(Items from a dataset)

┄┄┄┄┄┄┄┄┄┄

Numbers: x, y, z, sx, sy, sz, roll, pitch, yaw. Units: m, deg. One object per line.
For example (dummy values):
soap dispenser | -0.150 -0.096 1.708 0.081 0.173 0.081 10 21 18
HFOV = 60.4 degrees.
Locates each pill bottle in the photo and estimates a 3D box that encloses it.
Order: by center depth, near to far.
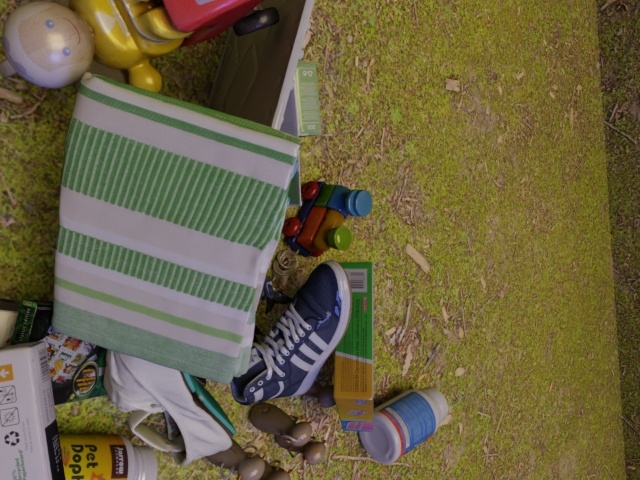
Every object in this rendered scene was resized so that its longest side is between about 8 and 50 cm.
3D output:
pill bottle | -0.353 0.341 0.796 0.215 0.117 0.117 19 81 -42
pill bottle | 0.208 0.432 1.320 0.221 0.124 0.124 -13 103 -40

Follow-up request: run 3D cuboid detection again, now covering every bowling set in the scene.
bowling set | -0.060 0.406 1.050 0.287 0.154 0.200 -31 114 -36

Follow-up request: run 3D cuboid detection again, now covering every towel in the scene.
towel | -0.170 0.004 0.610 0.038 0.247 0.325 -73 -179 -62

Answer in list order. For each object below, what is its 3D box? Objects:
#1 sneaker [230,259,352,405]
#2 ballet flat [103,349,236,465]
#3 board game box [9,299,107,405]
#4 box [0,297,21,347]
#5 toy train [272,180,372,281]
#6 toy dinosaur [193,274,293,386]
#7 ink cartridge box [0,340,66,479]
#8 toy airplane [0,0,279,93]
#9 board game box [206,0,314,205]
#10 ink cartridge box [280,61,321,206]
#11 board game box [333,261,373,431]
sneaker | -0.059 0.156 0.874 0.153 0.099 0.282 -2 127 -36
ballet flat | -0.243 0.230 0.831 0.139 0.139 0.400 -47 141 -30
board game box | -0.330 0.156 0.773 0.259 0.030 0.136 33 65 -74
box | -0.446 0.179 0.699 0.103 0.114 0.203 15 85 -42
toy train | 0.000 0.000 1.075 0.105 0.143 0.248 40 67 -37
toy dinosaur | -0.175 0.134 0.933 0.218 0.164 0.322 -47 146 -10
ink cartridge box | -0.481 0.227 0.584 0.370 0.069 0.176 -8 89 -12
toy airplane | -0.270 -0.250 0.651 0.386 0.384 0.272 32 39 3
board game box | -0.097 -0.213 0.799 0.050 0.390 0.390 18 81 -25
ink cartridge box | -0.069 -0.183 0.974 0.056 0.171 0.235 -12 102 -36
board game box | 0.069 0.216 1.049 0.316 0.064 0.242 80 11 -61
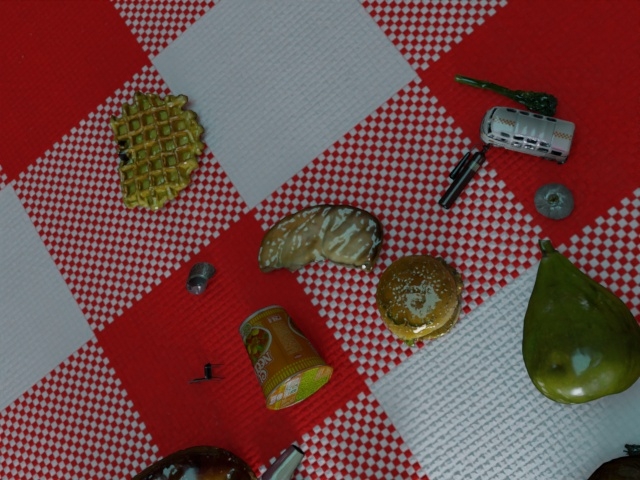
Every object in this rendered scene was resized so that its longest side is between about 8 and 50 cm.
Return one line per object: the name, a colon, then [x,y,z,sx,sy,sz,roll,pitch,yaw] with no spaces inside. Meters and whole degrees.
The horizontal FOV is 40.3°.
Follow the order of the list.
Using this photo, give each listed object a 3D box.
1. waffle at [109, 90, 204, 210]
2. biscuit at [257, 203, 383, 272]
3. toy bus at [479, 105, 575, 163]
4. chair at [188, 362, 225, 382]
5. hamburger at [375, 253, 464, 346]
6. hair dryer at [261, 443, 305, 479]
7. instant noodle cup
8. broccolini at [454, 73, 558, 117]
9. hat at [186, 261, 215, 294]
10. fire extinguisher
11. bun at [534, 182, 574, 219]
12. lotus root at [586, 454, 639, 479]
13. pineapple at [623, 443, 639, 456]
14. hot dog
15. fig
waffle: [-0.414,-0.226,2.142,0.283,0.065,0.309,30,88,19]
biscuit: [-0.001,-0.004,1.965,0.299,0.045,0.154,-1,81,20]
toy bus: [0.431,-0.226,1.810,0.194,0.089,0.087,15,86,6]
chair: [-0.263,0.305,2.007,0.086,0.037,0.042,-9,90,14]
hamburger: [0.213,0.117,1.831,0.191,0.118,0.182,-24,77,10]
hair dryer: [-0.042,0.532,1.891,0.154,0.054,0.106,43,92,11]
instant noodle cup: [-0.086,0.246,1.901,0.168,0.168,0.185,-37,64,10]
broccolini: [0.398,-0.322,1.879,0.239,0.054,0.051,25,104,24]
hat: [-0.282,0.093,2.055,0.058,0.042,0.087,18,53,14]
fire extinguisher: [0.311,-0.147,1.888,0.173,0.035,0.049,-53,31,4]
bun: [0.484,-0.082,1.805,0.083,0.045,0.083,-2,85,21]
lotus root: [0.643,0.484,1.564,0.397,0.179,0.196,-3,36,20]
pineapple: [0.640,0.391,1.661,0.124,0.058,0.058,-17,75,17]
hot dog: [-0.305,0.614,1.895,0.387,0.174,0.267,-35,69,12]
fig: [0.506,0.160,1.663,0.233,0.233,0.314,8,79,21]

┄┄┄┄┄┄┄┄┄┄

Exercise goal: Your reply should be the full data above, copied exactly, with no pictures in it.

Answer section:
Numbers: x, y, z, sx, sy, sz, roll, pitch, yaw. Units: m, deg. One object per line.
For example (dummy values):
soap dispenser | -0.150 -0.096 1.708 0.081 0.173 0.081 10 21 18
HFOV = 60.4 degrees.
Locates each pill bottle in the photo and estimates a 3D box that encloses it.
Order: by center depth, near to far.
Every object in this rendered scene was resized so that its longest side is between about 8 and 50 cm.
3D output:
pill bottle | -0.353 0.341 0.796 0.215 0.117 0.117 19 81 -42
pill bottle | 0.208 0.432 1.320 0.221 0.124 0.124 -13 103 -40

Follow-up request: run 3D cuboid detection again, now covering every bowling set in the scene.
bowling set | -0.060 0.406 1.050 0.287 0.154 0.200 -31 114 -36

Follow-up request: run 3D cuboid detection again, now covering every towel in the scene.
towel | -0.170 0.004 0.610 0.038 0.247 0.325 -73 -179 -62

Answer in list order. For each object below, what is its 3D box? Objects:
#1 sneaker [230,259,352,405]
#2 ballet flat [103,349,236,465]
#3 board game box [9,299,107,405]
#4 box [0,297,21,347]
#5 toy train [272,180,372,281]
#6 toy dinosaur [193,274,293,386]
#7 ink cartridge box [0,340,66,479]
#8 toy airplane [0,0,279,93]
#9 board game box [206,0,314,205]
#10 ink cartridge box [280,61,321,206]
#11 board game box [333,261,373,431]
sneaker | -0.059 0.156 0.874 0.153 0.099 0.282 -2 127 -36
ballet flat | -0.243 0.230 0.831 0.139 0.139 0.400 -47 141 -30
board game box | -0.330 0.156 0.773 0.259 0.030 0.136 33 65 -74
box | -0.446 0.179 0.699 0.103 0.114 0.203 15 85 -42
toy train | 0.000 0.000 1.075 0.105 0.143 0.248 40 67 -37
toy dinosaur | -0.175 0.134 0.933 0.218 0.164 0.322 -47 146 -10
ink cartridge box | -0.481 0.227 0.584 0.370 0.069 0.176 -8 89 -12
toy airplane | -0.270 -0.250 0.651 0.386 0.384 0.272 32 39 3
board game box | -0.097 -0.213 0.799 0.050 0.390 0.390 18 81 -25
ink cartridge box | -0.069 -0.183 0.974 0.056 0.171 0.235 -12 102 -36
board game box | 0.069 0.216 1.049 0.316 0.064 0.242 80 11 -61
Every object in this rendered scene was resized so that its longest side is between about 8 and 50 cm.
Return one line per object: the name, a colon, then [x,y,z,sx,sy,sz,roll,pitch,yaw] with no spaces inside. Meters and whole degrees.
The horizontal FOV is 40.3°.
Follow the order of the list.
Using this photo, give each listed object a 3D box.
1. waffle at [109, 90, 204, 210]
2. biscuit at [257, 203, 383, 272]
3. toy bus at [479, 105, 575, 163]
4. chair at [188, 362, 225, 382]
5. hamburger at [375, 253, 464, 346]
6. hair dryer at [261, 443, 305, 479]
7. instant noodle cup
8. broccolini at [454, 73, 558, 117]
9. hat at [186, 261, 215, 294]
10. fire extinguisher
11. bun at [534, 182, 574, 219]
12. lotus root at [586, 454, 639, 479]
13. pineapple at [623, 443, 639, 456]
14. hot dog
15. fig
waffle: [-0.414,-0.226,2.142,0.283,0.065,0.309,30,88,19]
biscuit: [-0.001,-0.004,1.965,0.299,0.045,0.154,-1,81,20]
toy bus: [0.431,-0.226,1.810,0.194,0.089,0.087,15,86,6]
chair: [-0.263,0.305,2.007,0.086,0.037,0.042,-9,90,14]
hamburger: [0.213,0.117,1.831,0.191,0.118,0.182,-24,77,10]
hair dryer: [-0.042,0.532,1.891,0.154,0.054,0.106,43,92,11]
instant noodle cup: [-0.086,0.246,1.901,0.168,0.168,0.185,-37,64,10]
broccolini: [0.398,-0.322,1.879,0.239,0.054,0.051,25,104,24]
hat: [-0.282,0.093,2.055,0.058,0.042,0.087,18,53,14]
fire extinguisher: [0.311,-0.147,1.888,0.173,0.035,0.049,-53,31,4]
bun: [0.484,-0.082,1.805,0.083,0.045,0.083,-2,85,21]
lotus root: [0.643,0.484,1.564,0.397,0.179,0.196,-3,36,20]
pineapple: [0.640,0.391,1.661,0.124,0.058,0.058,-17,75,17]
hot dog: [-0.305,0.614,1.895,0.387,0.174,0.267,-35,69,12]
fig: [0.506,0.160,1.663,0.233,0.233,0.314,8,79,21]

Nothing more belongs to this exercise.